Australia’s national character makes it natural for the polity to focus on the practical, day-to-day doings of foreign policy. Yet in contrast to our military tradition, Australia has little appetite for heroic or ambitious international action. As Allan Gyngell observes in a masterful history of our diplomacy, Australia is “surprisingly young” at foreign policy:
There is something about foreign policy that has always made Australians a little uncomfortable. That’s not to say Australia hasn’t developed effective, in some ways distinctive, traditions of diplomacy. It has had creative foreign ministers and made its mark on the world. But the ceaselessly interactive processes of foreign policy, the adjustments and compromises it requires, the close attention it demands, its backroom dimensions, its unheroic nature; these don’t sit easily with Australians. In part, that is why defence and security policy has been much more central to their sense of themselves in the world.
Australia’s habit of mind about international affairs is so practical – or unambitious – we didn’t bother with an independent foreign policy until we were well into the second world war, forty years after the birth of the nation. This was not absent-mindedness. It was loyalty to Britain, as the nation that did our foreign policy for us, plus a hard-headed decision not to do anything that hinted at lack of faith in the strength of the British military guarantee.
Gyngell’s account of how Australia makes its way in the world begins at that point, in 1942, when Australian and British security were no longer inseparable. It was then that Australia ratified the Statute of Westminster, a law enacted by the British parliament back in 1931 to establish beyond doubt the international standing of its overseas dominions. At that moment in 1942, a reluctant, realistic and fearful Australia assumed full sovereignty over its international affairs.
The core emotion that drives Australia’s view of the world is offered in Gyngell’s title: fear of abandonment. Here is a country that has always scanned the horizon for sails. At first, the convicts of the British settlement prayed for the ships that brought food and supplies. Later, Australians feared unfriendly sails, arriving to challenge what Gyngell calls “an audacious claim to a vast continent.”
Gyngell believes that some will see fear of abandonment as too timid a motivation for a great country’s foreign policy:
But it has also been the driver of one of the most consistent and commendable aspects of Australia’s worldview – its rejection of isolationism; its conviction that Australia needs to be active in the world in order to shape it, and that gathering combinations of allies, friends and ad hoc partners is the best way of doing this. That will be a tradition worth defending in the years ahead.
In using this fear as his theme, Gyngell follows in the tradition – and the book titles – of other Australian diplomats: Gregory Clark (1968) In Fear of China; Malcolm Booker (1976) The Last Domino; Alan Renouf (1979) The Frightened Country; Rawdon Dalrymple (2003) Continental Drift: Australia’s Search for a Regional Identity; Richard Woolcott (2003) The Hot Seat; and Philip Flood (2011) Dancing with Warriors.

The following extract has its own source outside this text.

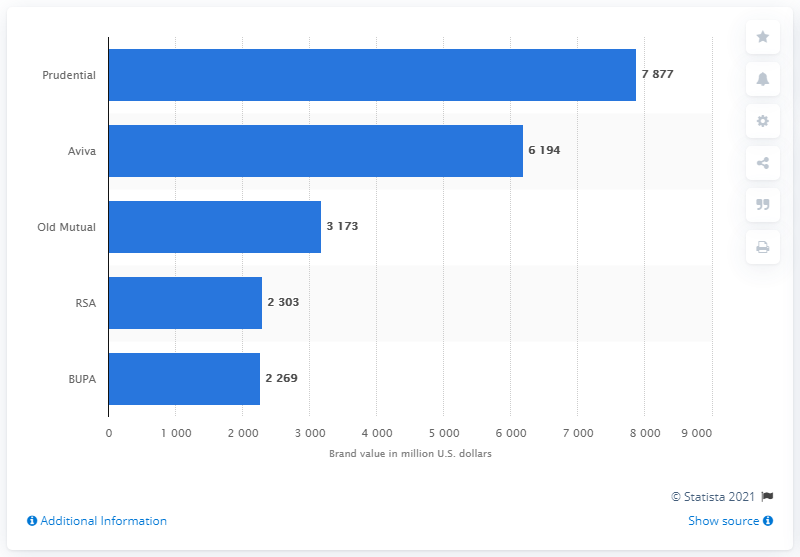What could be the reason for such differences in brand values among these companies? Several factors could account for the differences in brand values, including company size, global market penetration, brand age, financial performance, marketing strategies, customer perception, and economic factors specific to the industry and regions they operate in.

The place of this tradition was expressed in the 1986 review of Australian diplomacy by the secretary of the Department of Foreign Affairs, Stuart Harris, which saw Australia as “geographically isolated” but living “increasingly closely with neighbours with cultures, traditions and languages which are largely alien to it.” As Harris reported, “Countries still achieve their international objectives by threat, bribe or persuasion. Australia has limited capacity to bribe and less to threaten.”
Instead, Australia deploys the tools of persuasion: diplomatic skills, logic, cultural affinities and contrasts, interests and ideology. Gyngell gives a detailed Canberra-coloured rendering, because this has been his life’s work.
Allan Gyngell joined the Department of External Affairs in 1969. (The department was renamed Foreign Affairs in 1971.) He served as a diplomat in Rangoon, Singapore and Washington and rose to become the senior foreign policy adviser to prime minister Paul Keating (1993–96). Keeping his home in Canberra, he became the founding executive director (2003–09) of the Sydney think tank the Lowy Institute for International Policy – doing the commute with the aid of audio books. He returned to the public service to become the head of Australia’s intelligence community as director-general of the Office of National Assessments (2009–13).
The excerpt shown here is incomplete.